Using 30-meter resolution DEM, the global river network dataset Hydro30 was extracted, with a total of approximately 500 million river segments. The data resolution, completeness, and accuracy are significantly superior to the previous generation of global river networks HydroSHEDS released by the United States. Currently, work is underway to extract the global river network dataset Hydro12 using 12.5-meter resolution DEM. Based on the river network binary tree coding method, river entity identity coding rules have been released and authorized by the ISO/IEC 15459 code-issuing institution Zhongguancun Industry and Information Technology QR Code Technology Research Institute. The MA.1002 global river network identification root node has been built and operated, achieving unified coding and decoding services for river entities with global proprietary and global unique characteristics, significantly improving the capacity, efficiency, and standardization of river network management, and laying the foundation for basin data services and microservice interface management based on river networks.
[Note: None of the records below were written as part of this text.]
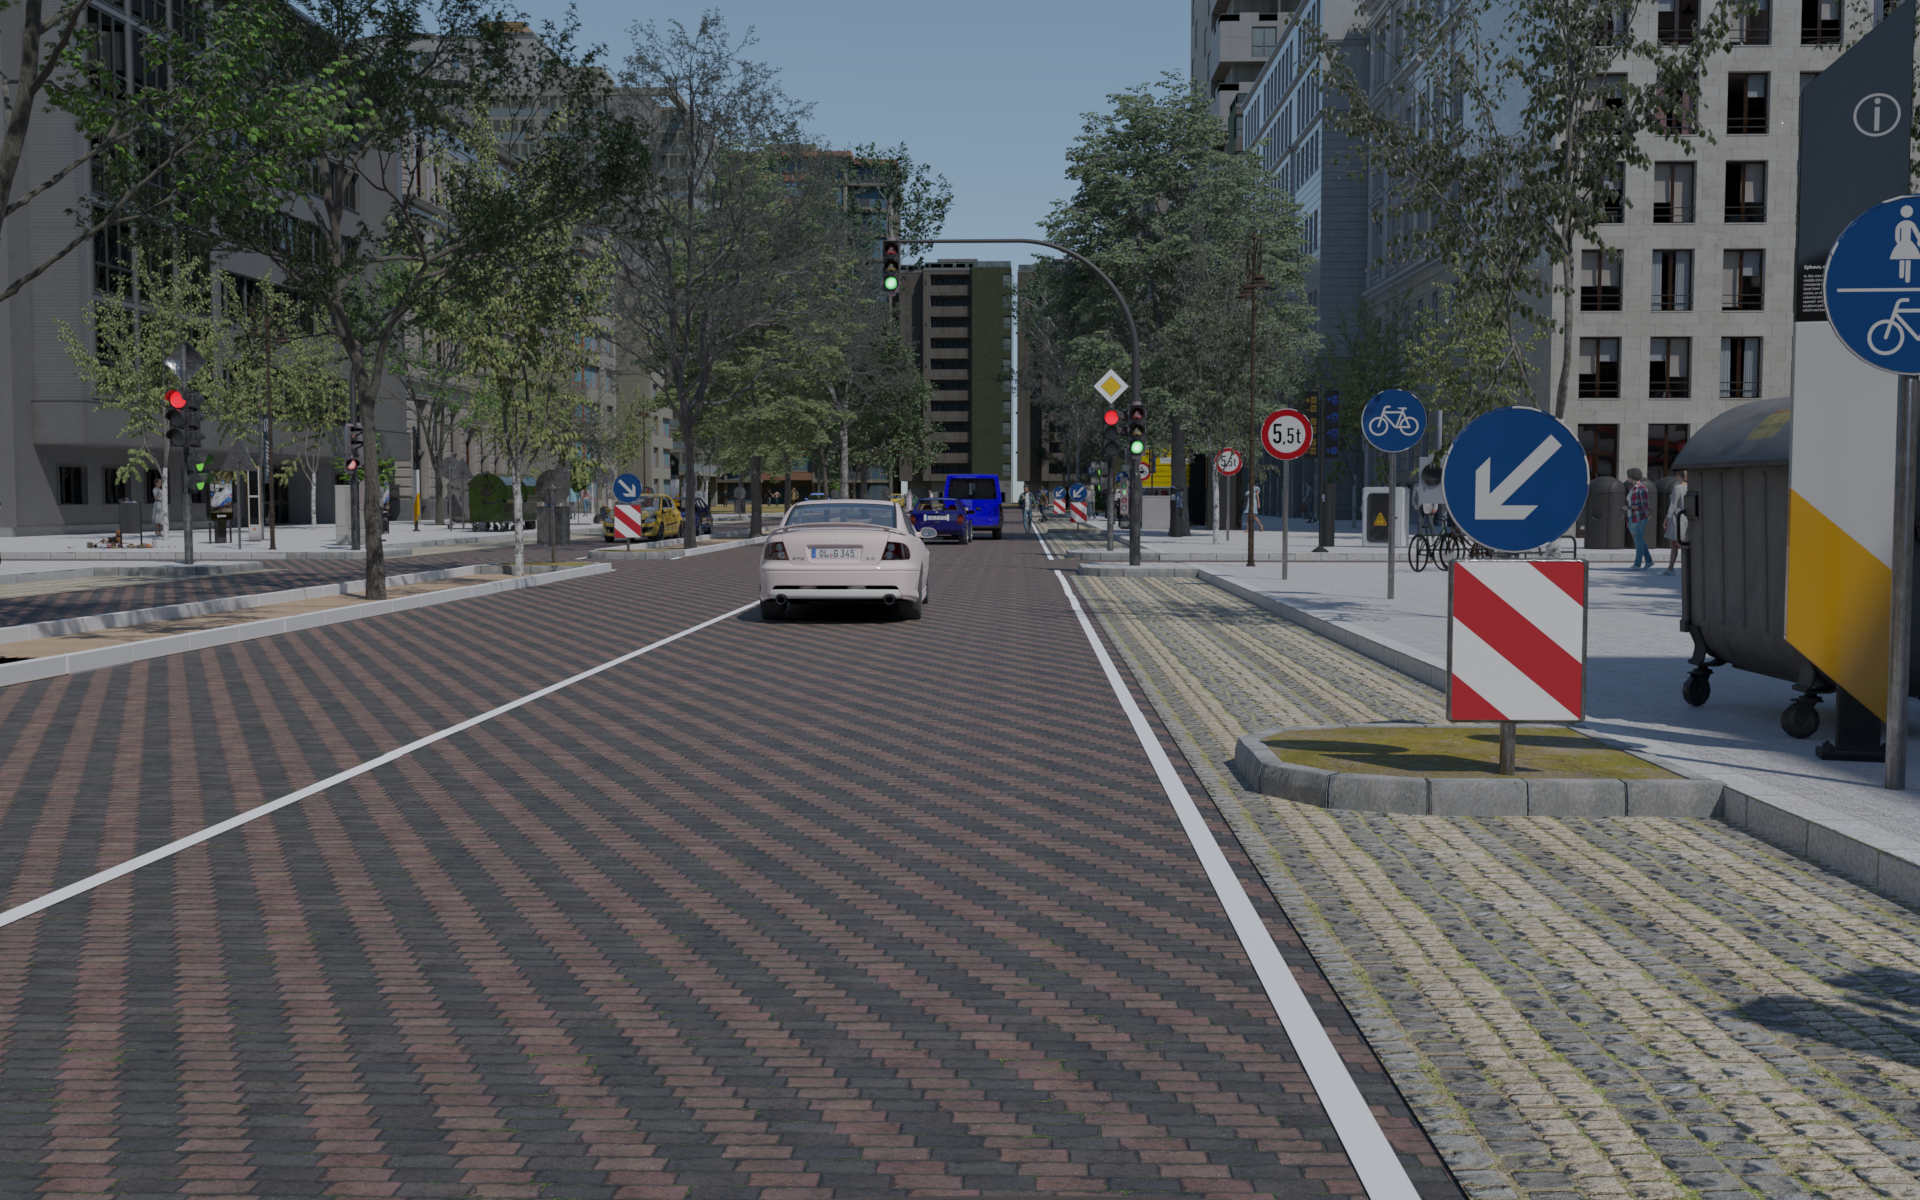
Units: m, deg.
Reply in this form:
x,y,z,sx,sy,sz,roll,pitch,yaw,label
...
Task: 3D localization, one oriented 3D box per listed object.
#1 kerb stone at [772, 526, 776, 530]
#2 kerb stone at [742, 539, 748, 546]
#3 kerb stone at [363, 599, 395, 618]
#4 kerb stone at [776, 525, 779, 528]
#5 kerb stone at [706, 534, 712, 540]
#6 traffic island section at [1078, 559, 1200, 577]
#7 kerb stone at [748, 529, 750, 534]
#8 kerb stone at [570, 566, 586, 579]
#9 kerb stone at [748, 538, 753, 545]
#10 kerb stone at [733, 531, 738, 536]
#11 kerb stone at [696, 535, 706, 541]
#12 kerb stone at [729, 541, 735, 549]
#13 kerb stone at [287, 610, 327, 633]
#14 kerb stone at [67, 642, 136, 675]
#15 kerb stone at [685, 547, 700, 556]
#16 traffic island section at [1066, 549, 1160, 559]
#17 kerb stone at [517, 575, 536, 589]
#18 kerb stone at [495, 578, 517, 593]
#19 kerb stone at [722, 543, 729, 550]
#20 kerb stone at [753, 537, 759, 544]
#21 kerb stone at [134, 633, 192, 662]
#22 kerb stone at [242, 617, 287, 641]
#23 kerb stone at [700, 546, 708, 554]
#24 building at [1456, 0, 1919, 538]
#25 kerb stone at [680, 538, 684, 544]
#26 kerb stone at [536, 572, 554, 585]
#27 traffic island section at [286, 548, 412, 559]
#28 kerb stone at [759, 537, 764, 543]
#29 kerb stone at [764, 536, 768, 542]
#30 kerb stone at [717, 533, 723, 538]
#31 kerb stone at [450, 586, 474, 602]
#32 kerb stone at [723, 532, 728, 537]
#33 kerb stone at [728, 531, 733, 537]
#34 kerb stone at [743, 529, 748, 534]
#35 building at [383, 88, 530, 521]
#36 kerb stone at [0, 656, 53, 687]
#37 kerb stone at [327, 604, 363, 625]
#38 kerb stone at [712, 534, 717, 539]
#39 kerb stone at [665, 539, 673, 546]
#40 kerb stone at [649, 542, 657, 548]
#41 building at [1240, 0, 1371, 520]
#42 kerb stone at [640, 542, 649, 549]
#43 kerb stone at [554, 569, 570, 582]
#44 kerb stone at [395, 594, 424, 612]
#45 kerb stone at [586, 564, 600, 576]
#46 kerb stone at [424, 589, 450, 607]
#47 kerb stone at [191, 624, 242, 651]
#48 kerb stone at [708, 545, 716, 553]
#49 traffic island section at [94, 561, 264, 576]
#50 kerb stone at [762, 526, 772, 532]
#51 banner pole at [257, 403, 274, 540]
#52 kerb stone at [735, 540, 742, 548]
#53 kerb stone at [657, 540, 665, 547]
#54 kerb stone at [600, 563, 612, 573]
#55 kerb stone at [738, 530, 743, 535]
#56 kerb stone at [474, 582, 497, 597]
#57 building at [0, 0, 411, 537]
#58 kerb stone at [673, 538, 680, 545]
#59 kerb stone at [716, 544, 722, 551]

[1] Mao X, Chow J K, Su Z Y, Wand Y H, Li J Y, Wu T, Li T J. Deep learning-enhanced extraction of drainage networks from digital elevation models. Environmental Modelling & Software, 2021, 144: 105135.
[2] Li J Y, Li T J, Zhang L, Bellie S, Fu X D, Huang Y F, Bai R. A D8-compatible high-efficient channel head recognition method. Environmental Modelling & Software, 2020, 125: 104624.
[3] Wu T, Li J Y, Li T J, Bellie S, Zhang G, Wang G Q. High-efficient extraction of drainage networks from digital elevation models constrained by enhanced flow enforcement from known river maps. Geomorphology, 2019, 340: 184-201.
[4] Li J Y, Li T J, Liu S N, Shi H Y. An efficient method for mapping high-resolution global river discharge based on the algorithms of drainage network extraction. Water, 2018, 10(04): 533.
[5] Bai R, Li T J, Huang Y F, Li J Y, Wang G Q. An efficient and comprehensive method for drainage network extraction from DEM with billions of pixels using a size-balanced binary search tree. Geomorphology, 2015, 238: 56-67.
[6] Bai R, Li T J, Huang Y, Li J Y, Wang G Q, Yin D Q. A hierarchical pyramid method for managing large-scale high-resolution drainage networks extracted from DEM. Computers & Geosciences, 2015, 85(PA): 234-247.